Préface de Chawki Abdelamir
Directeur général de l’Institut du monde arabe
Dans la poésie, la langue se résume sans se réduire.
C’est donc dans la poésie que réside la force pour contenir l’immensité de l’existence humaine. Et ceci est pour une raison : Bachelar nous dit que la poésie est une interrogation donc une verticalité ; contrairement au récit qui est horizontal, il va d’un événement à l’autre, comme dans un train.
Ce phénomène traduit la difficulté qu’engendre le rapport avec la poésie pour le grand public, car cette verticalité n’est pas offerte à tout un chacun ; elle demande une interrogation de la durée qui a tendance à épouser le récit plutôt, puisqu’il suit horizontalement les événements.
Ce phénomène explique en même temps la facilité pour le grand public à communiquer avec les récits dans tous ses genres : roman, nouvelle et histoire.
La question poétique est donc une question d’interrogation de l’être et du monde.
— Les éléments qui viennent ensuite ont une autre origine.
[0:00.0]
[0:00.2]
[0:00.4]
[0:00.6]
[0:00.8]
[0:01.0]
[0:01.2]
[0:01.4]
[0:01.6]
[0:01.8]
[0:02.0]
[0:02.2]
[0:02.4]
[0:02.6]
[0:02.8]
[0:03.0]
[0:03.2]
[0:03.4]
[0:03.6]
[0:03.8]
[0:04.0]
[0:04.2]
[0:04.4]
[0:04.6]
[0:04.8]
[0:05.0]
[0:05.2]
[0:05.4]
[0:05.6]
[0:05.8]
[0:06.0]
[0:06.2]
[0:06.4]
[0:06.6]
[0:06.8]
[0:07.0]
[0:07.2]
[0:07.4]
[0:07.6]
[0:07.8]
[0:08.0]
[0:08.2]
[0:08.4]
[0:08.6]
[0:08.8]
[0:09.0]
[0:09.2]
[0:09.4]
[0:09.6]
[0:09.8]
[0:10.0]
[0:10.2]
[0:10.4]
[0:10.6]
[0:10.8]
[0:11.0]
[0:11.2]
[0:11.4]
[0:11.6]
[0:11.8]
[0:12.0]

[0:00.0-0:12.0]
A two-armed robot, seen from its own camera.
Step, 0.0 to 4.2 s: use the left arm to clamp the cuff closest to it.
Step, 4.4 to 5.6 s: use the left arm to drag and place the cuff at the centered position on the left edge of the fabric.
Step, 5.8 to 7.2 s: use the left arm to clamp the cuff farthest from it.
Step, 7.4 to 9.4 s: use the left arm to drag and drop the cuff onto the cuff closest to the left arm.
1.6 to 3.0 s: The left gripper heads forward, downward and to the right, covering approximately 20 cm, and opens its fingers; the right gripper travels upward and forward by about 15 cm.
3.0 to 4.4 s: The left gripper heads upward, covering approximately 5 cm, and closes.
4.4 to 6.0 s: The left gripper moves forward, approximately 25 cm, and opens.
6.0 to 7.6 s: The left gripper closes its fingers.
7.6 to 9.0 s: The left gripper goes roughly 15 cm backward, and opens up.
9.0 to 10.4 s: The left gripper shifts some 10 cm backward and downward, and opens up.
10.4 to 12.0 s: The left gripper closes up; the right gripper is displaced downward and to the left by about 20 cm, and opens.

Le poète nous interpelle, le romancier nous relate. La poésie de ce fait est intemporelle, et son rapport avec le temps comme une demeure dans une unité compacte. Le passé avec le présent et le futur ne font qu’un temps unique soudé dans la poésie, et dans la poésie seulement.
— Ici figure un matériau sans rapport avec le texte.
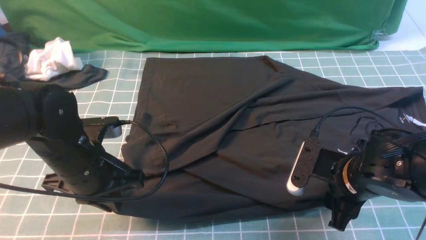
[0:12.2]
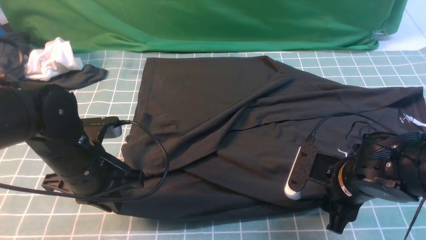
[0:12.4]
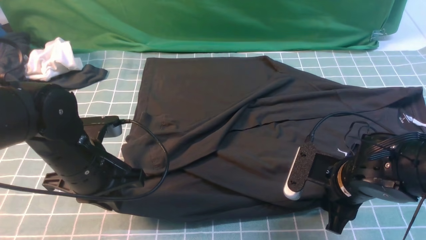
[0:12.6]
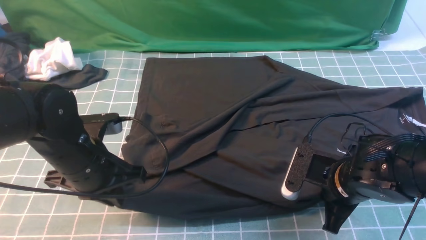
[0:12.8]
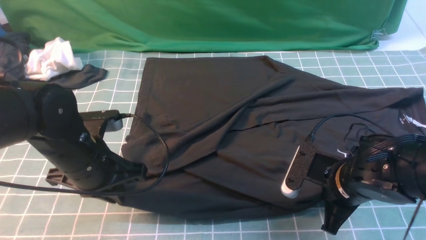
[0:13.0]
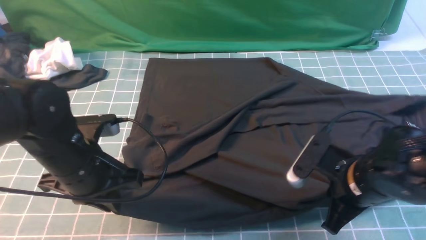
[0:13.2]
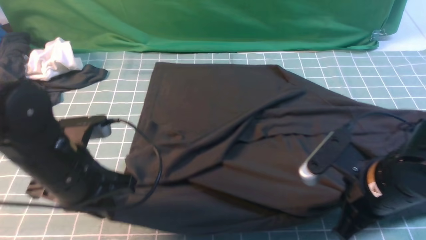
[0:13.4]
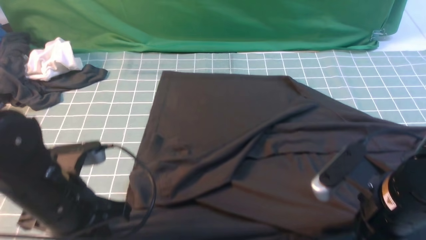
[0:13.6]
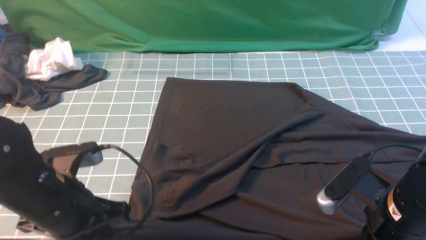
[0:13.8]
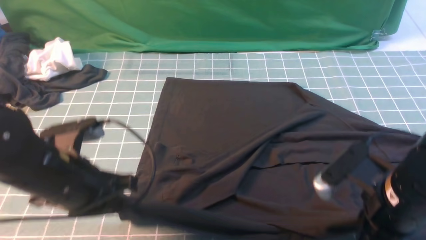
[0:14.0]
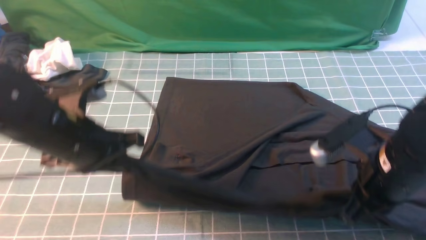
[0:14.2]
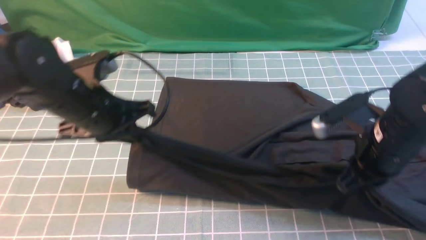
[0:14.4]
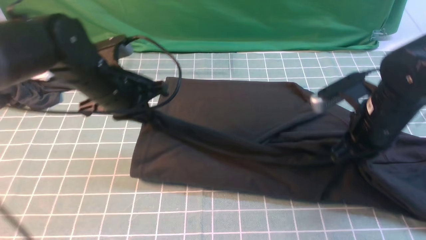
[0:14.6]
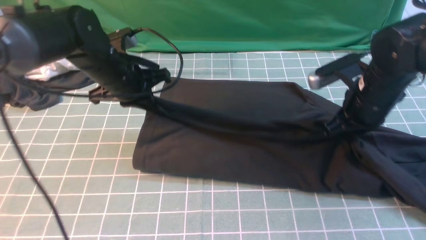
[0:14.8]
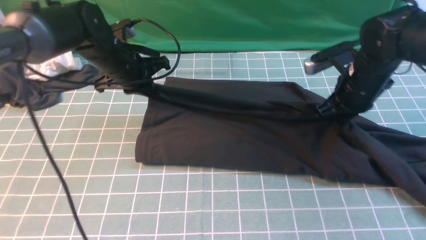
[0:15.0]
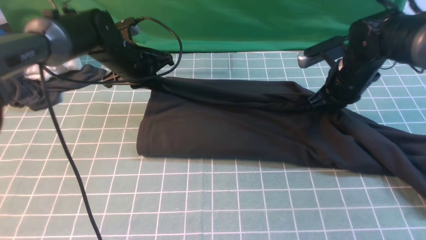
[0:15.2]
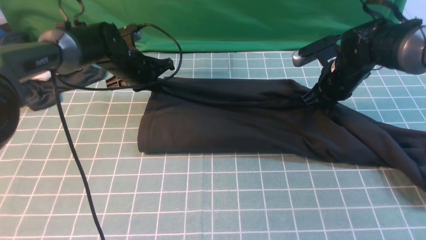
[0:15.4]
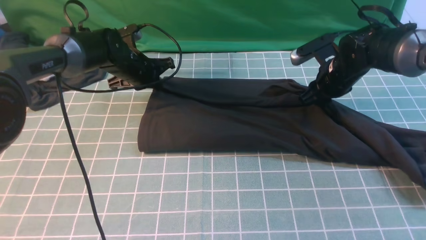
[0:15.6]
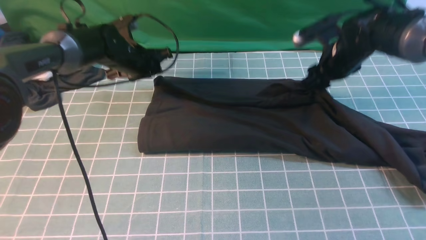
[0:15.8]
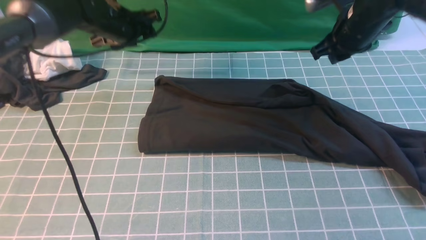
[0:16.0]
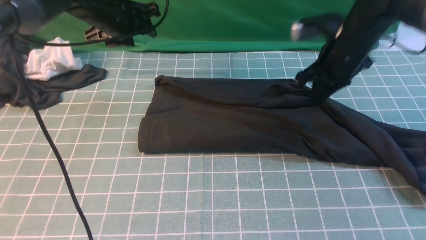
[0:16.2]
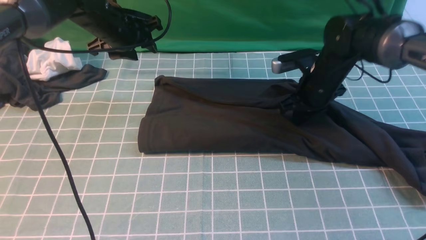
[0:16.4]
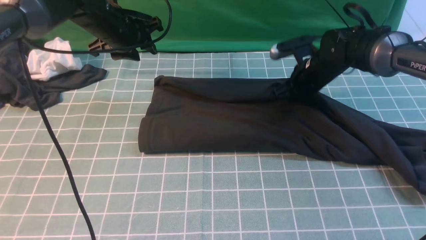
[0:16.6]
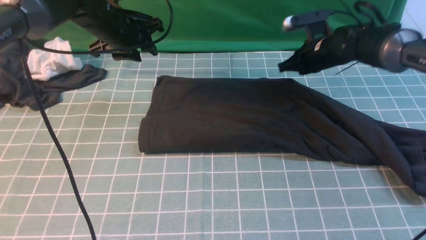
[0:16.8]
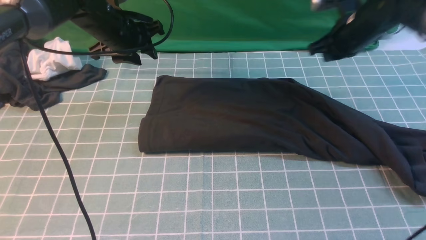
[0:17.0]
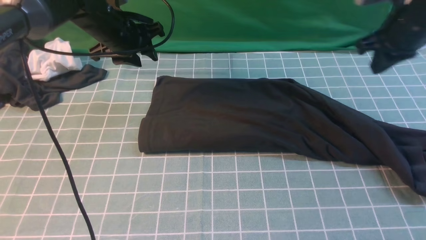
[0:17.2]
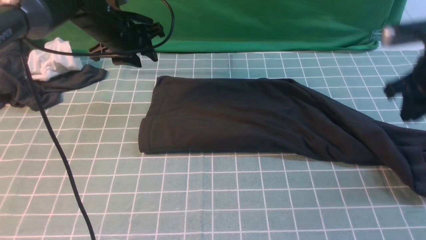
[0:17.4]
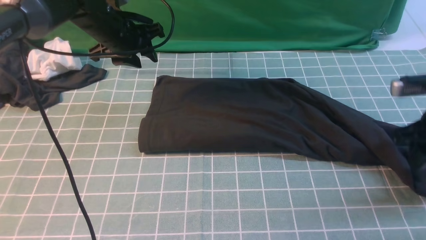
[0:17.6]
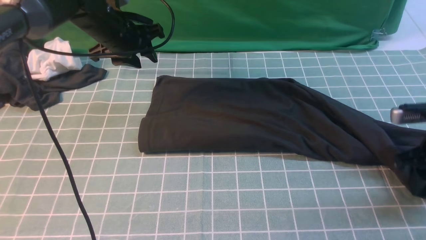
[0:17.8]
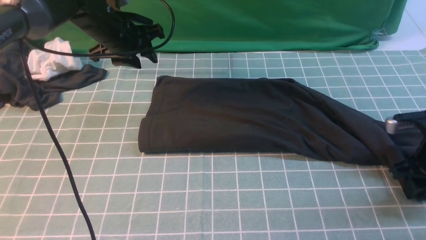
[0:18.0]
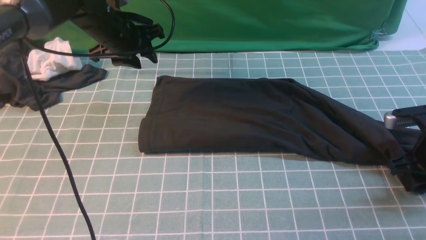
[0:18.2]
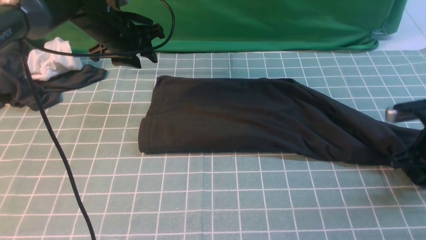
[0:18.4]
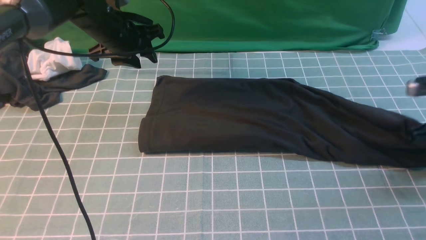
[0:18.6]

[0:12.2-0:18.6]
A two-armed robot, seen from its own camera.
Step, 13.2 to 15.8 s: use both arms to drag the lower edge of the fabric forward and fold it over the upper edge.
12.2 to 13.8 s: The right gripper is displaced backward and upward by some 10 cm, and closes, while the left gripper is displaced backward by roughly 5 cm.
13.8 to 15.4 s: The two grippers go about 30 cm forward.
15.4 to 17.0 s: The right gripper moves up and down over roughly 10 cm, changing direction 2 times; the left gripper travels upward by approximately 10 cm, and opens its fingers.
17.0 to 18.6 s: The right gripper heads backward and to the right, covering roughly 20 cm, and opens and closes again.

Pour la langue arabe, la question poétique va plus loin encore, elle est née avec son existence et continue à la porter au monde comme la langue la plus poétique. Ceci s’explique par le fait qu’elle a donné son âme, à travers tous les âges, à sa poésie qui est devenue à la fois foetus et mère pour elle.
La pérennité de la langue arabe aussi s’explique par sa poésie, sa dimension sacrée revient à la poésie, et sa grammaire obéit d’abord à la poésie.
A l’époque, avant l’avènement de l’Islam, la poésie était accrochée au plafond de la Kaaba, à la Mecque, au même titre que les idoles (Al Muallaqât). L’Islam n’a fait que confirmer cette vocation sacrée, car le Coran est écrit en langue plutôt poétique. Le sacré dans le monde a survécu donc dans l’ombre de la langue.
C’est pourquoi l’Institut du monde arabe, en célébrant le Printemps de la poésie, ne fait que répandre le trait le plus profond de l’âme du monde arabe. Les poètes qui ont lu ce soir-là ont confirmé par leur talent cette vocation arabe qui rayonne depuis vingt siècles.